(Task material)
*** Begin section ***
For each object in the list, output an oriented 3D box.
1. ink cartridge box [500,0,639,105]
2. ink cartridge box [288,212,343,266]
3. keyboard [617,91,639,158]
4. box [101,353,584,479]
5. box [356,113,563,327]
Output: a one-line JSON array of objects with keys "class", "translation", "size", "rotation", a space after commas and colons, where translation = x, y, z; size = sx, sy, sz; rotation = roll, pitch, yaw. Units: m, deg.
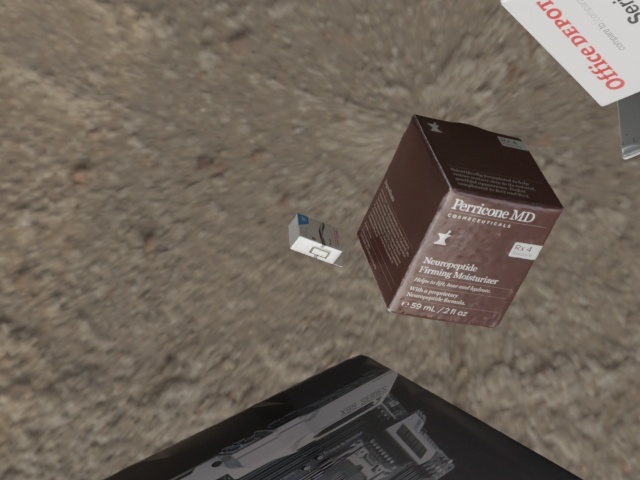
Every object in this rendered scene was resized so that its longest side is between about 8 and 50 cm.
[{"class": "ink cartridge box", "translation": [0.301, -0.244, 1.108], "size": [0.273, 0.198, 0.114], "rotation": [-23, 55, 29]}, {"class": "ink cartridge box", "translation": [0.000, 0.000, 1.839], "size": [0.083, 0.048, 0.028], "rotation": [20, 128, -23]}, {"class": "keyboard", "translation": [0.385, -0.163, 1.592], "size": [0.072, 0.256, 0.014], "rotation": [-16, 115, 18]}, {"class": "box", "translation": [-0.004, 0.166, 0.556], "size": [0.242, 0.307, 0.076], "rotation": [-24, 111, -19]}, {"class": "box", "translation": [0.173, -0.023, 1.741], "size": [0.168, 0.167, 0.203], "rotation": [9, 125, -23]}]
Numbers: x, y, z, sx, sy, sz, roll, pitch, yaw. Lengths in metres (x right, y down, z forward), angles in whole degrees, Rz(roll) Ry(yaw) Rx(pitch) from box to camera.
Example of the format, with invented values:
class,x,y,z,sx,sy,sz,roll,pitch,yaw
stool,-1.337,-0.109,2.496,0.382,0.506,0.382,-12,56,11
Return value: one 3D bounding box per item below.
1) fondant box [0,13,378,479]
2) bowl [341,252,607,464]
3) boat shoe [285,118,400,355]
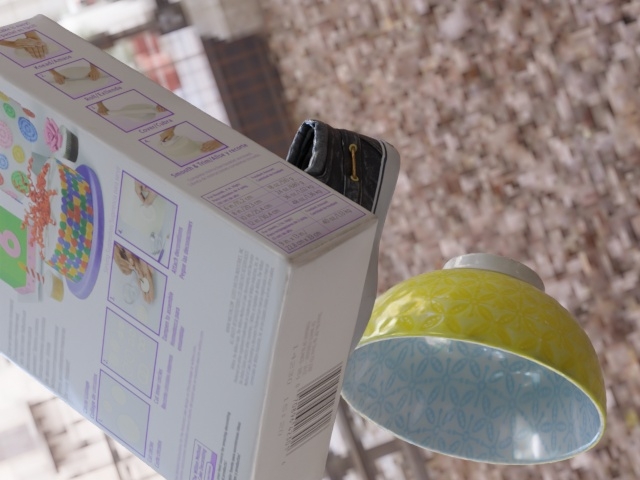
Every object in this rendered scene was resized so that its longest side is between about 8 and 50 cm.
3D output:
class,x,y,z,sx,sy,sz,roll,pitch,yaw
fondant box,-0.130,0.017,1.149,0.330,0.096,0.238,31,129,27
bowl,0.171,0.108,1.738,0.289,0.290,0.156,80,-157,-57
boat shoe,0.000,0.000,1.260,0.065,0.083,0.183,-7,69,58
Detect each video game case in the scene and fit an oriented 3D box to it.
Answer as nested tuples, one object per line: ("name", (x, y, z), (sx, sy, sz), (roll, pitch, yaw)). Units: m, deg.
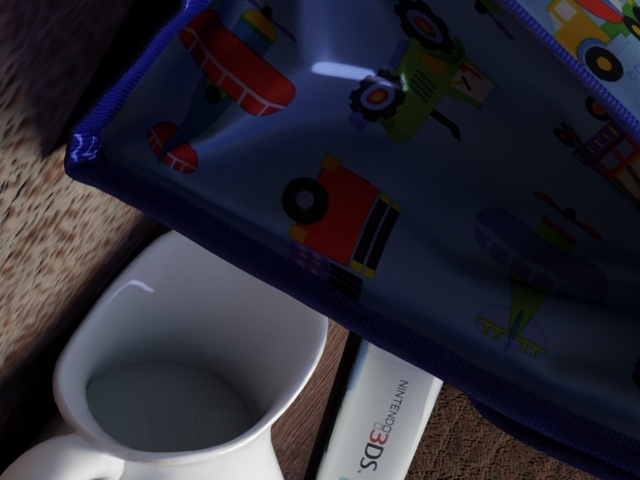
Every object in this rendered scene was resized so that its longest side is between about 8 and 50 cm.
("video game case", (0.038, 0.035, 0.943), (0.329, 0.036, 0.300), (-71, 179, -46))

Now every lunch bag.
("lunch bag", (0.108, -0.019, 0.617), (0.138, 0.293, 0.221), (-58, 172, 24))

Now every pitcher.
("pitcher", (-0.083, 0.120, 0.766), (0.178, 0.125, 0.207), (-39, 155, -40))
*** End section ***
From the entries above, print the lines beginning at the one with "4. box [101,353,584,479]" and stopping after the one with "Output: a one-line", exactly as written and with nothing else.

(Solution for this task)
4. box [101,353,584,479]
5. box [356,113,563,327]
Output: a one-line JSON array of objects with keys "class", "translation", "size", "rotation", a space after commas and colons, where translation = x, y, z; size = sx, sy, sz; rotation = roll, pitch, yaw. Units: m, deg.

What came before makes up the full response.